Image Source: Muslim Views
World – Despite mounting pressure from Palestinian activists to halt coal exports to Israel, the South African government has held its position by continuing to sell coal to a country it is simultaneously prosecuting for genocide at the International Court of Justice.
Mineral and Petroleum Resources Minister Gwede Mantashe defended the continued trade, arguing that the government does not control commercial transactions and that companies sell into international markets on their own terms. That position has since been challenged on both factual and legal grounds.
Khan and his colleagues submitted a comprehensive report to Mantashe’s department detailing exactly how South African coal fuels the ongoing genocide in Gaza and oppression of the Palestinian people. Khan said the minister’s argument ignored a critical detail about who is actually receiving the coal, the buyer is a state-owned entity, which means the government’s claim that it sells to companies rather than countries does not hold.
“He failed to mention that the company that is buying the coal is the Israeli National Coal Supply Corporation, which is a state-owned company. So essentially those customers are the Israeli government.”
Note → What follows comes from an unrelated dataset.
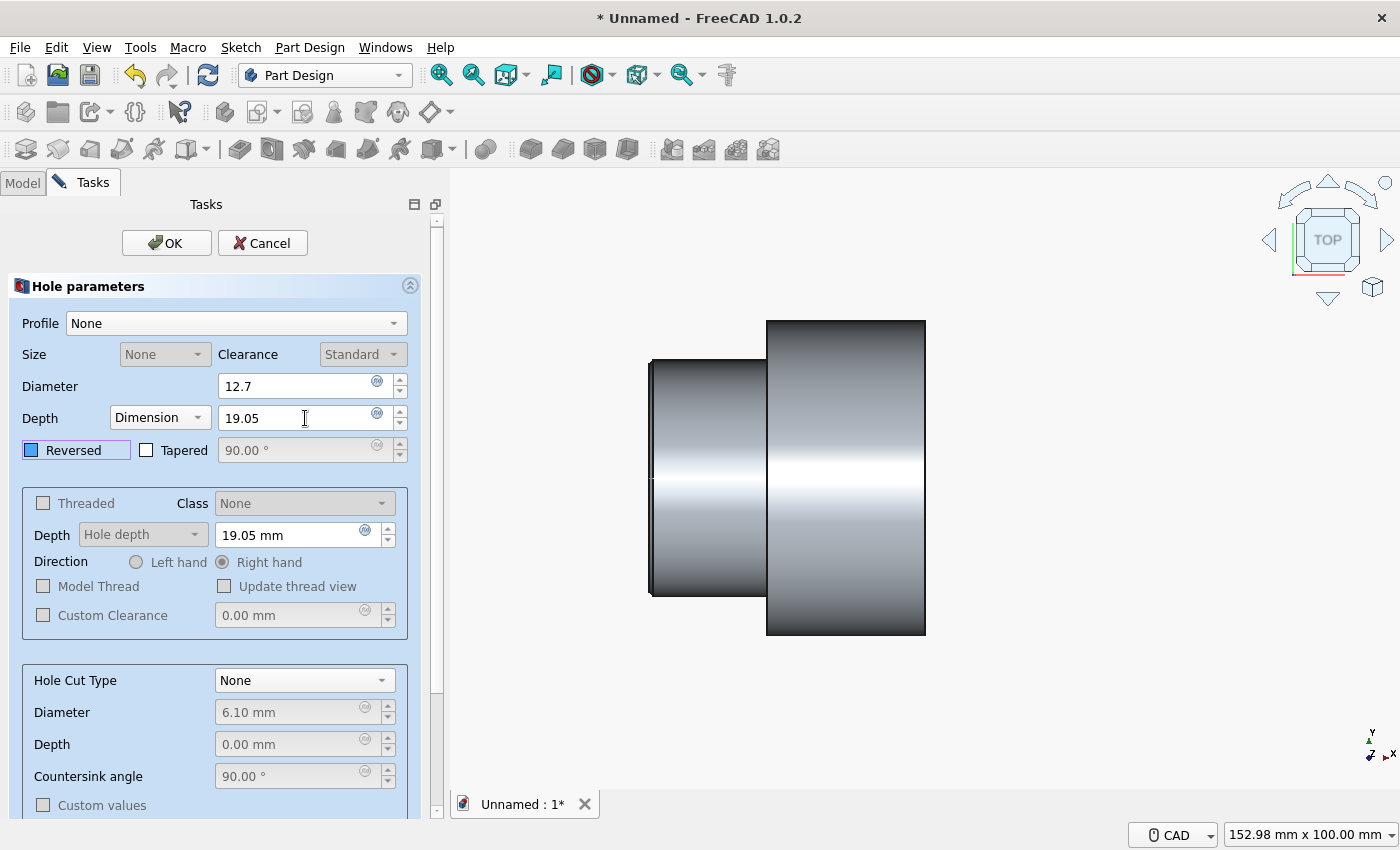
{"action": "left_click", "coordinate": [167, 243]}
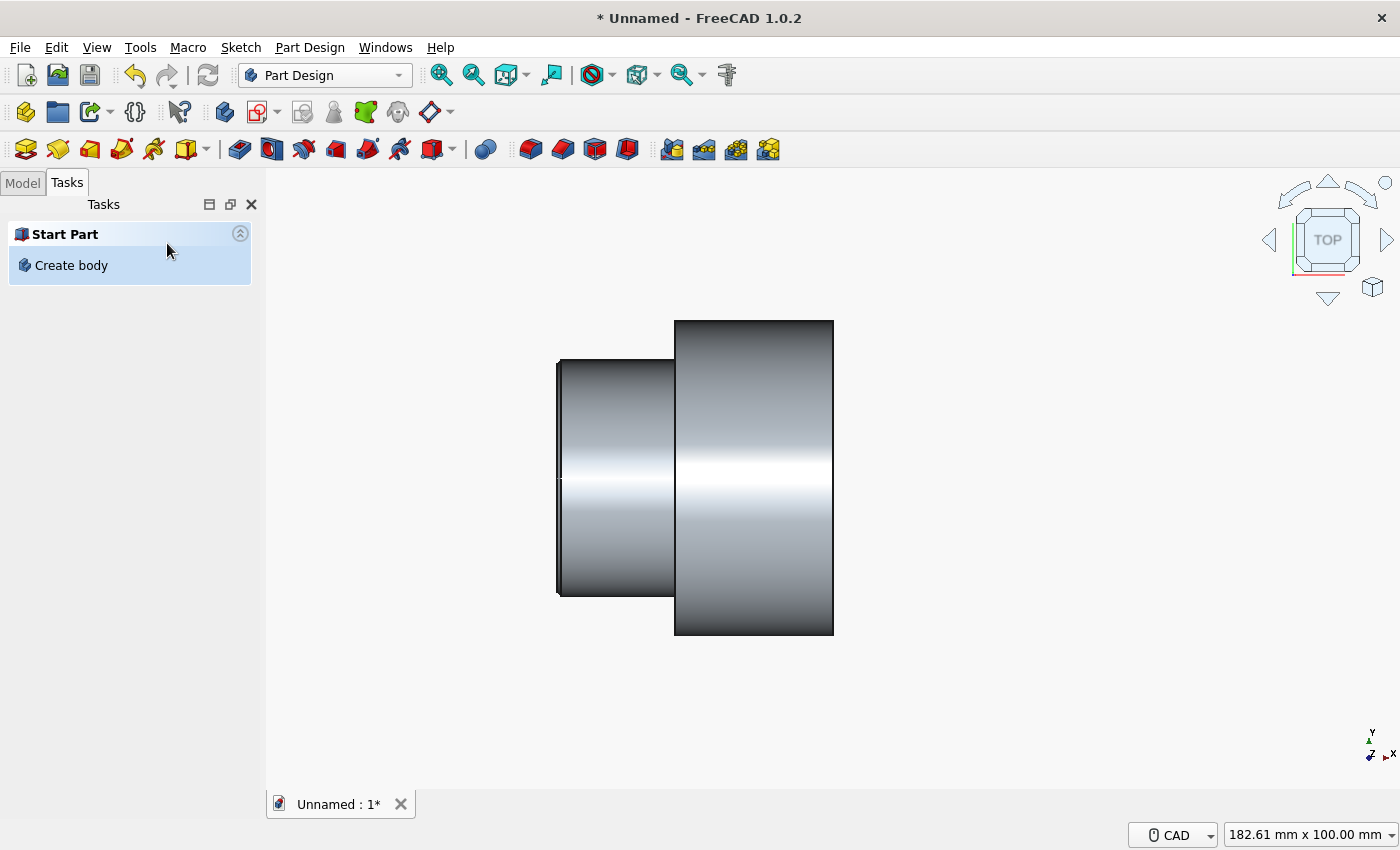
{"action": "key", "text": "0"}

Khan said the scale of South Africa’s role has grown dramatically since Colombia introduced its full coal embargo. South Africa now accounts for the vast majority of Israel’s coal imports, a sharp increase from where things stood at the start of the genocide.
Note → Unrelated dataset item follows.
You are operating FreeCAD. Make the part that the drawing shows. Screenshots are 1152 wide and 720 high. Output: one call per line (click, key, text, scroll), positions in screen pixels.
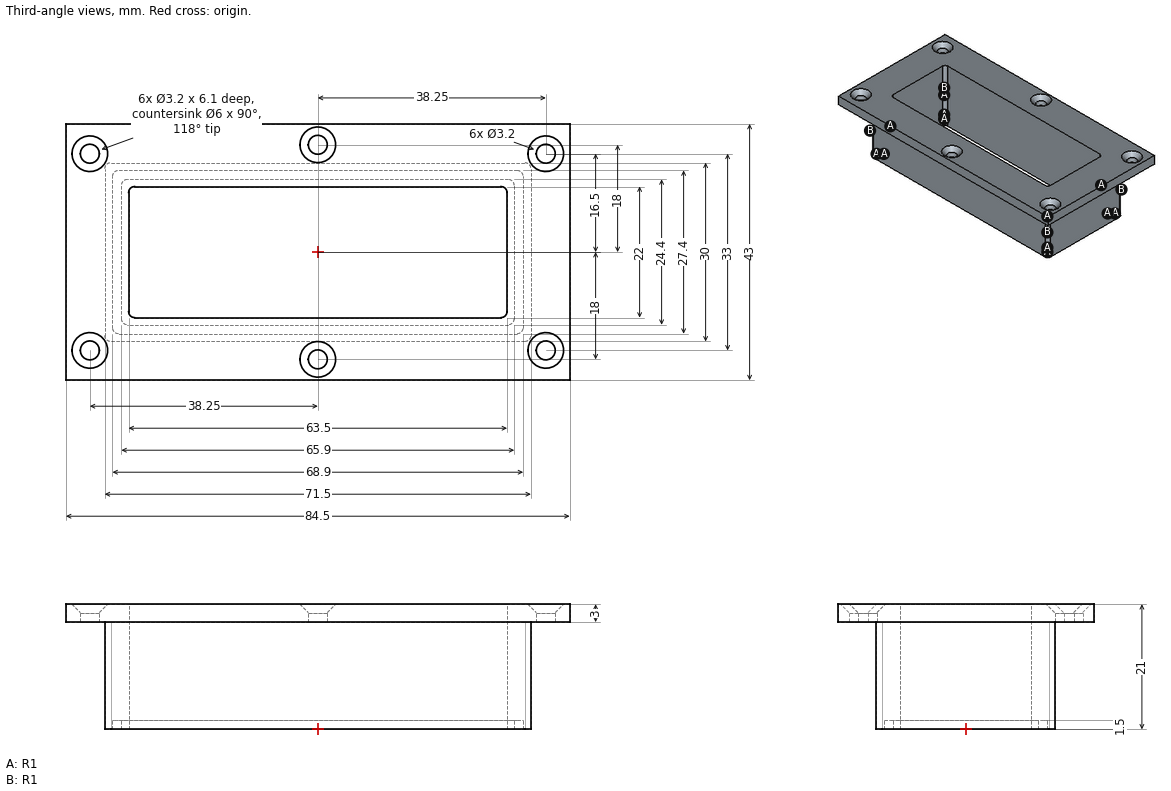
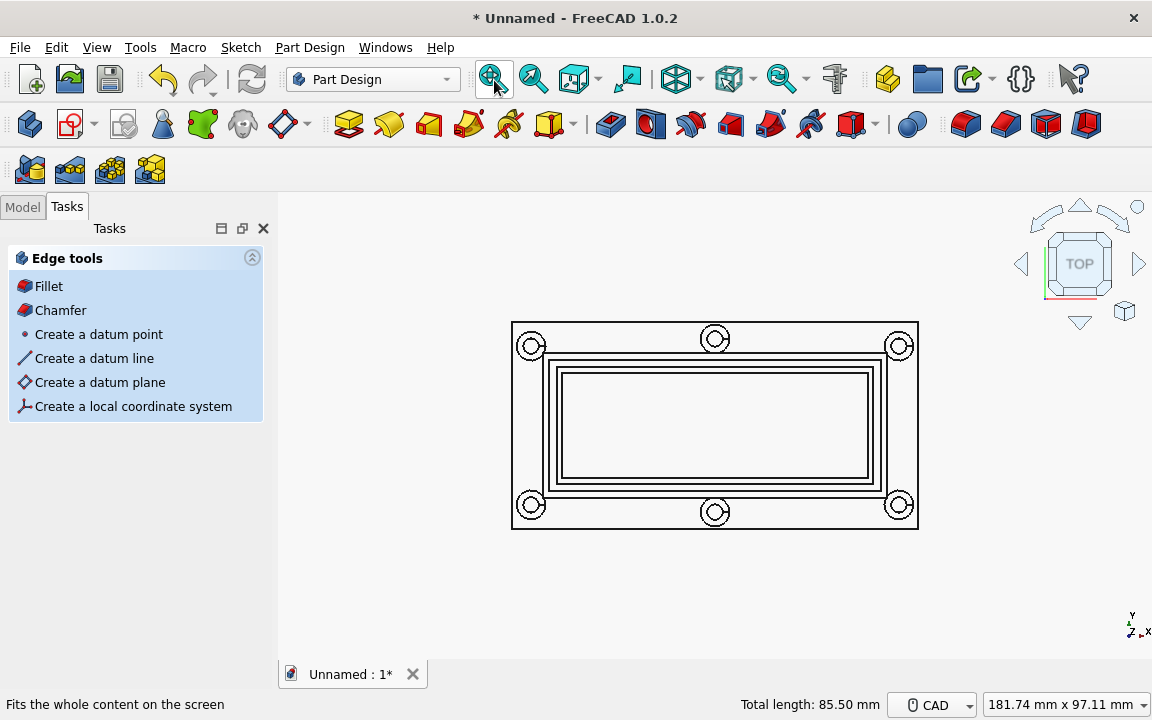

Legal Grounds Exist to Act
The government has pointed to international trade obligations as a constraint on its ability to halt exports. Khan said that the position had already been addressed and provided to the relevant ministers, noting that both the WTO framework and the Vienna Convention contain provisions that override trade agreements in cases of violations of peremptory norms.
“Those agreements result in violations of peremptory norms like the prohibition against genocide, those agreements are void, and this information has been provided to the government.”
Khan also dismissed the argument that halting exports would damage the South African economy. Coal exports to Israel make up only 0.75% of the country’s total production, a figure Khan said was too small to justify continued trade, but large enough to meaningfully impact Israel’s energy security. Stopping the exports would deal a significant blow to Israel while leaving South Africa’s coal industry and its workers effectively unaffected.